In her speech, Mrs May continued: "For a variety of reasons the private sector has not yet managed to deliver the level of job creation and investment that many African nations need," Mrs May said.
“So I want to put our development budget and expertise at the centre of our partnership as part of an ambitious new approach – and use this to support the private sector to take root and grow...
“I am unashamed about the need to ensure that our aid programme works for the UK.
“So today I am committing that our development spending will not only combat extreme poverty, but at the same time tackle global challenges and support our own national interest.
"This will ensure that our investment in aid benefits us all, and is fully aligned with our wider national security priorities.”
Downing Street cited data from the United Nations Conference on Trade and Development (UNCTAD) as showing UK direct investment in Africa was £42.7 billion in 2016 compared to £44.3 billion from the US.
France followed in third with £38 billion and China fourth with £31 billion.
The Prime Minister added: “It is in the world’s interest to see that those jobs are created, to tackle the causes and symptoms of extremism and instability, to deal with migration flows and to encourage clean growth.

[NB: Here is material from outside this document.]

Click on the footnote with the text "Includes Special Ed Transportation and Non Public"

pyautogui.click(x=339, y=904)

“If we fail to do so, the economic and environmental impacts will swiftly reach every corner of our networked, connected world.
“And the human impacts – from a loss of faith in free markets and democracy as the best way to secure global growth and human rights, to greater conflict and an increased susceptibility to extremism – will be similarly global.”

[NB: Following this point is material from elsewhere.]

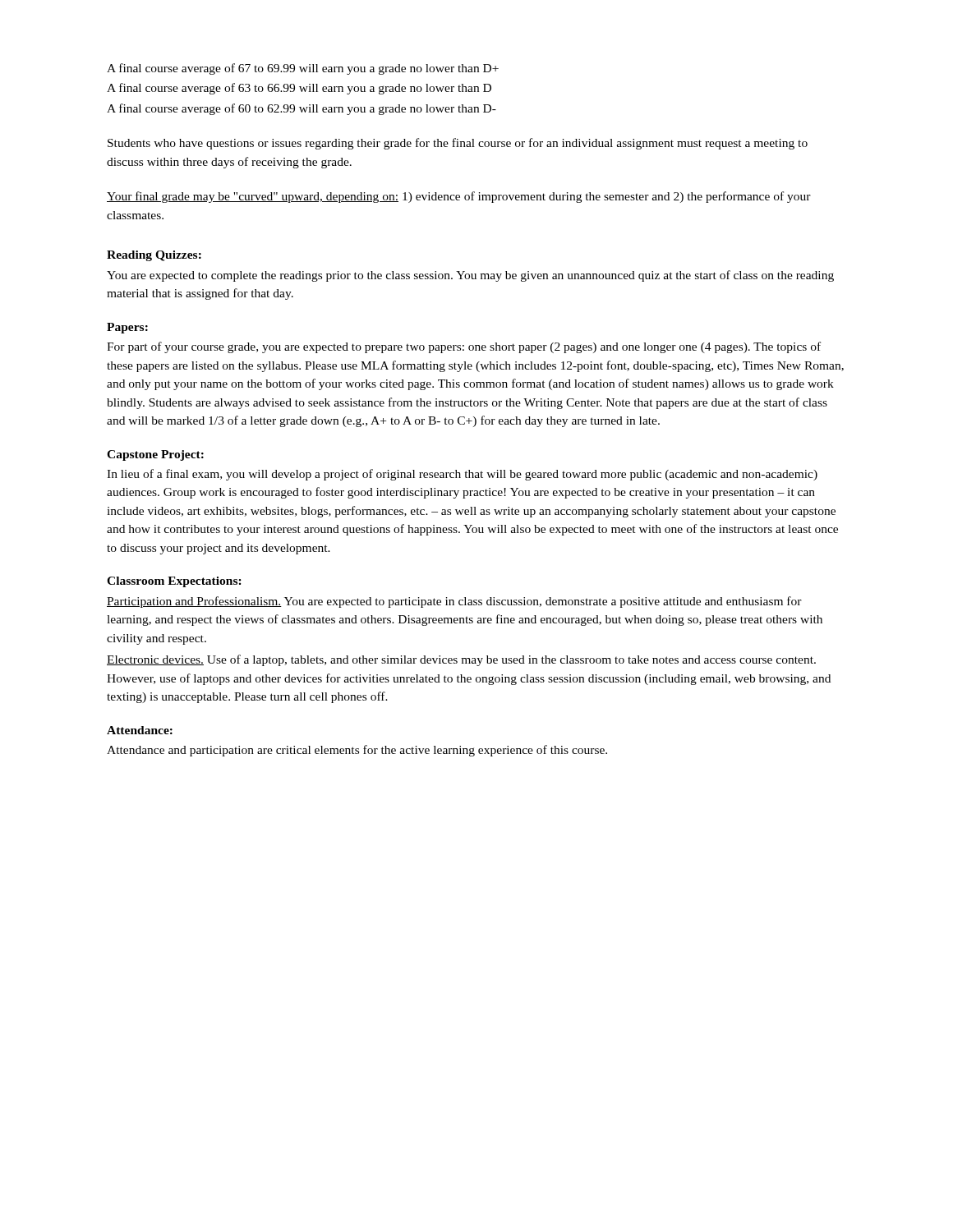Locate the text block that reads "Electronic devices. Use of a laptop,"

point(469,678)

The Prime Minister also said she supports controversial South African land reform if it is legal, with no "smash and grab".
Mrs May's comments are in stark contrast to those made by US President Donald Trump who has effectively labelled the policy - which seeks to correct the legacy of white minority rule that stripped South Africa's black population of their land - as racist towards white people.

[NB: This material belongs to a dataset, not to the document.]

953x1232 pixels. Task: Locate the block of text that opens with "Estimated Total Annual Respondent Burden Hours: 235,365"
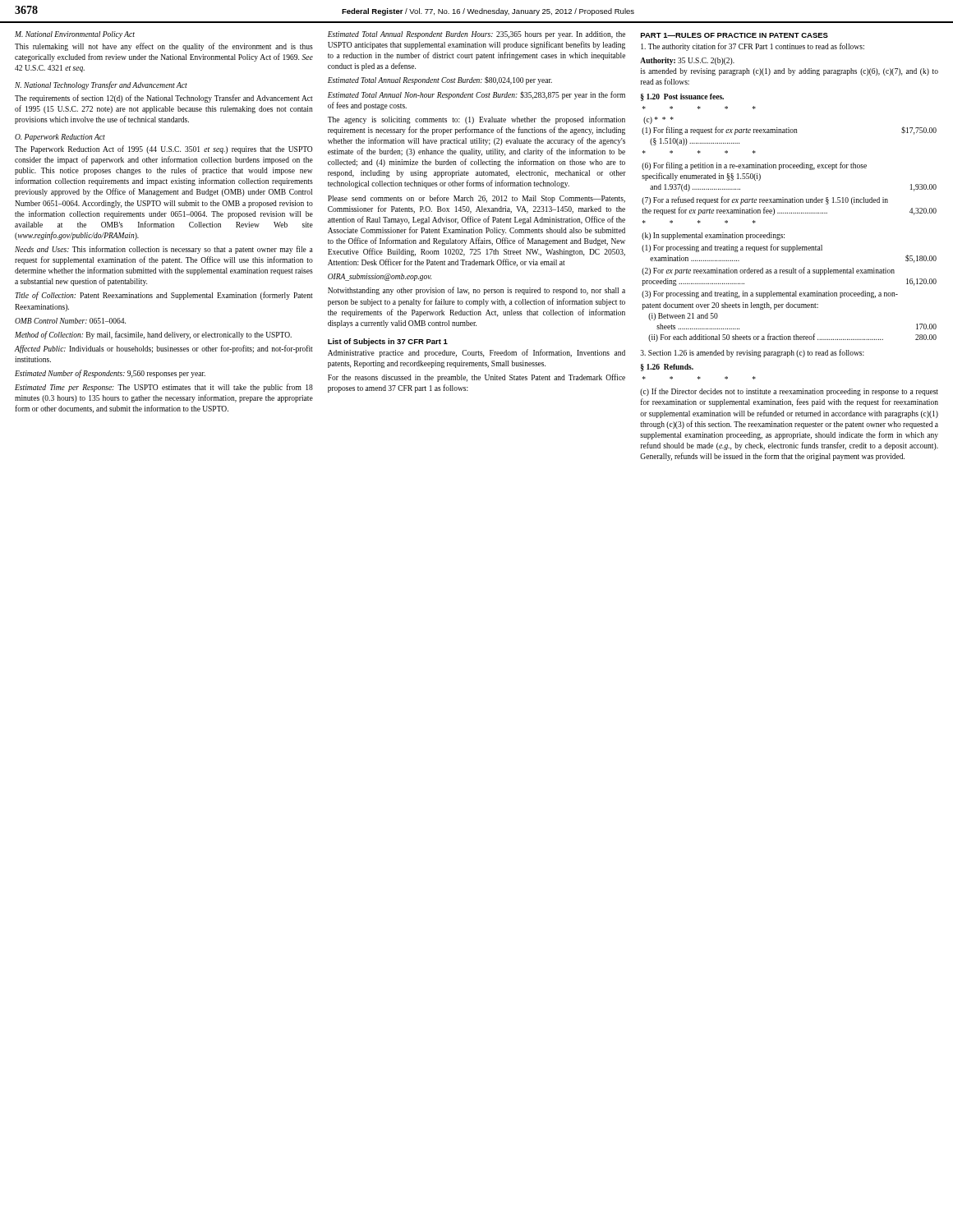tap(476, 179)
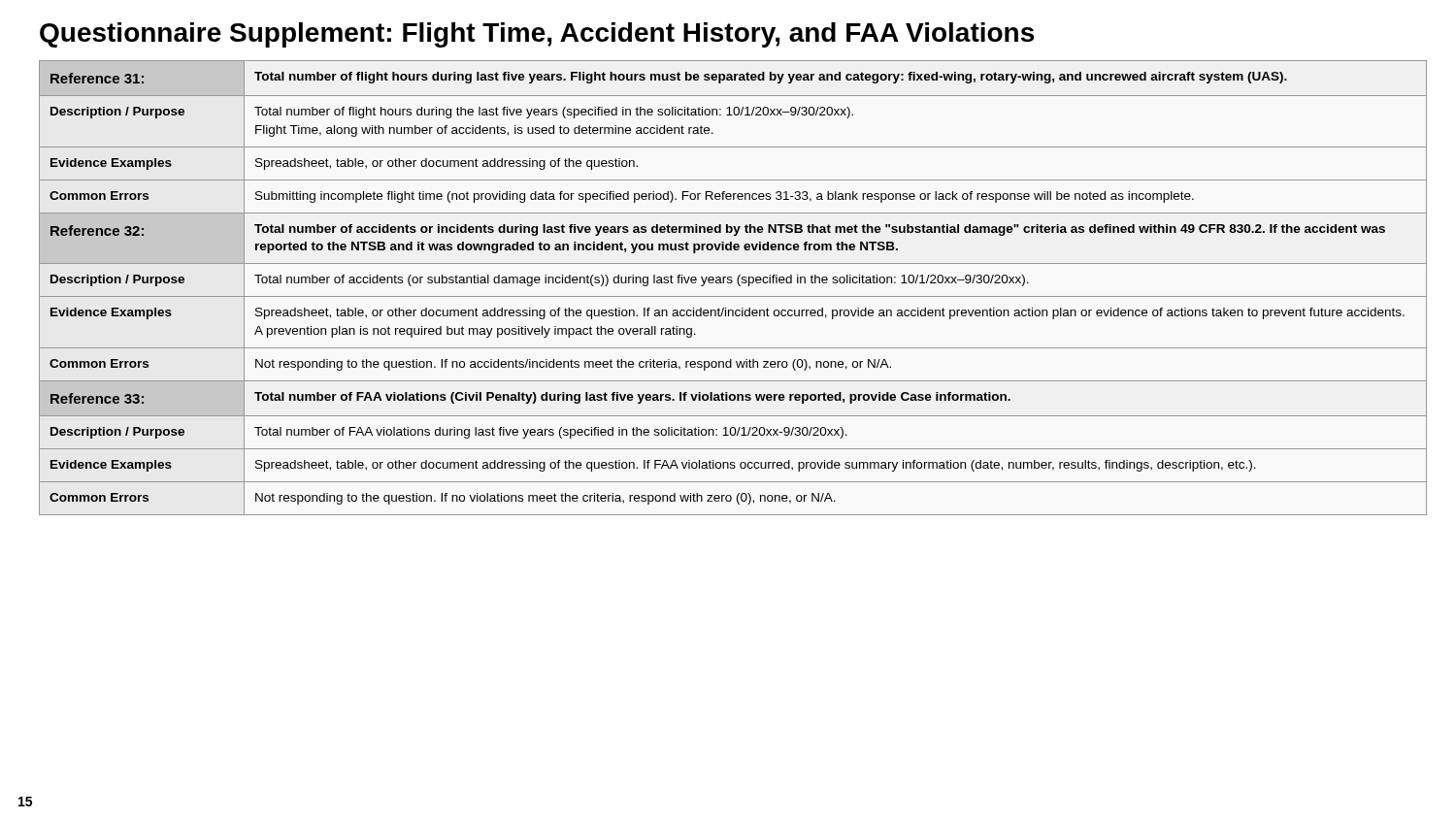
Task: Click the title that begins "Questionnaire Supplement: Flight"
Action: coord(728,33)

Currently in the country, nearly a quarter of a century after the first democratic elections, black South Africans, who comprise 80% of the population, still own just 4% of the country’s land, according to the government.
Among Mrs May’s business delegation are Charles Bowman, Lord Mayor of the City of London Corporation, David Schwimmer, CEO of the London Stock Exchange, and representatives of firms who specialise in helping Africa – including Georgia Barrie, co-founder and director of Farm.ink, which helps farmers connect and share information.
During her trip to South Africa, Mrs May will also hold a bilateral meeting with president Cyril Ramaphosa and hopes to visit Robben Island – where Nelson Mandela was imprisoned during the era of Apartheid.
Such a visit would commemorate the 100th anniversary of the former South African president’s birth.